BRIEF. Could you write out, word for word, only the lines from the one containing "Lengths in meters, angles" through the last line of the data below?
[RECORDED INFORMATION Boundary: Start]
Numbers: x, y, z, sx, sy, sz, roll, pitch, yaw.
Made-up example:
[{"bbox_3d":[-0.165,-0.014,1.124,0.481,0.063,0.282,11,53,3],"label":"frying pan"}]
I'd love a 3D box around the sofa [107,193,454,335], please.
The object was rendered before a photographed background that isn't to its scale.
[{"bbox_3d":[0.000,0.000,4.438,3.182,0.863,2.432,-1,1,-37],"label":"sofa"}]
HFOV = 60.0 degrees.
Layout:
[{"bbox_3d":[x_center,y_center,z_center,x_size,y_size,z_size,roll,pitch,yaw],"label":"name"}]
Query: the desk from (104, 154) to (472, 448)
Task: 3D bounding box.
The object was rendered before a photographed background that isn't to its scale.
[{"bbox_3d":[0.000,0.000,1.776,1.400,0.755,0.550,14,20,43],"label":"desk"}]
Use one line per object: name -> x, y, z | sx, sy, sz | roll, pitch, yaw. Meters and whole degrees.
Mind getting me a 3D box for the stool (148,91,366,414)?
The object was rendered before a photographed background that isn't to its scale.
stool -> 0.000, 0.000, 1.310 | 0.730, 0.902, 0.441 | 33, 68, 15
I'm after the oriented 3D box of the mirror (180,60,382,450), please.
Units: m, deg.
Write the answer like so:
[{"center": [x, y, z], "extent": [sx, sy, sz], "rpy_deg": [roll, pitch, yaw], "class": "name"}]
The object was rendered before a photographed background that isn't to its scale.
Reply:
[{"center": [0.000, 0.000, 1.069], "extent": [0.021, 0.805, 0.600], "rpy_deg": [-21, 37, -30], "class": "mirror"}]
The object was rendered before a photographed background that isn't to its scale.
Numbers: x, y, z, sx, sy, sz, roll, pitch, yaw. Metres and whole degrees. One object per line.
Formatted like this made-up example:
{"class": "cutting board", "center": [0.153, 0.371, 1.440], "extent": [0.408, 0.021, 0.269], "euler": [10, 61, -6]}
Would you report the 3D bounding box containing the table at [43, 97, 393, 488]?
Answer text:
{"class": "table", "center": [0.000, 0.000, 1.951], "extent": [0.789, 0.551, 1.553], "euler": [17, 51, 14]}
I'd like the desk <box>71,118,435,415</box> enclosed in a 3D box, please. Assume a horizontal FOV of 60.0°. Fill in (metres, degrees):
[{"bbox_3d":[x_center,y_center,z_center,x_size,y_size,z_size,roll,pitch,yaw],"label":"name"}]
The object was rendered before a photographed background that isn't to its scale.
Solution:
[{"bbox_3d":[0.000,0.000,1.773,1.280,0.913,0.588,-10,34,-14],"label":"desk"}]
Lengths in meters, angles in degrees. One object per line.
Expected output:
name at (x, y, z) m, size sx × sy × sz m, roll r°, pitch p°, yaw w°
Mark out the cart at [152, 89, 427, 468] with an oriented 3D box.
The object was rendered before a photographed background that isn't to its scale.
[RECORDED INFORMATION Boundary: End]
RESULT OF THIS TASK.
Lengths in meters, angles in degrees. One object per line.
Expected output:
name at (x, y, z) m, size sx × sy × sz m, roll r°, pitch p°, yaw w°
Mark out the cart at [152, 89, 427, 468] with an oriented 3D box.
The object was rendered before a photographed background that isn't to its scale.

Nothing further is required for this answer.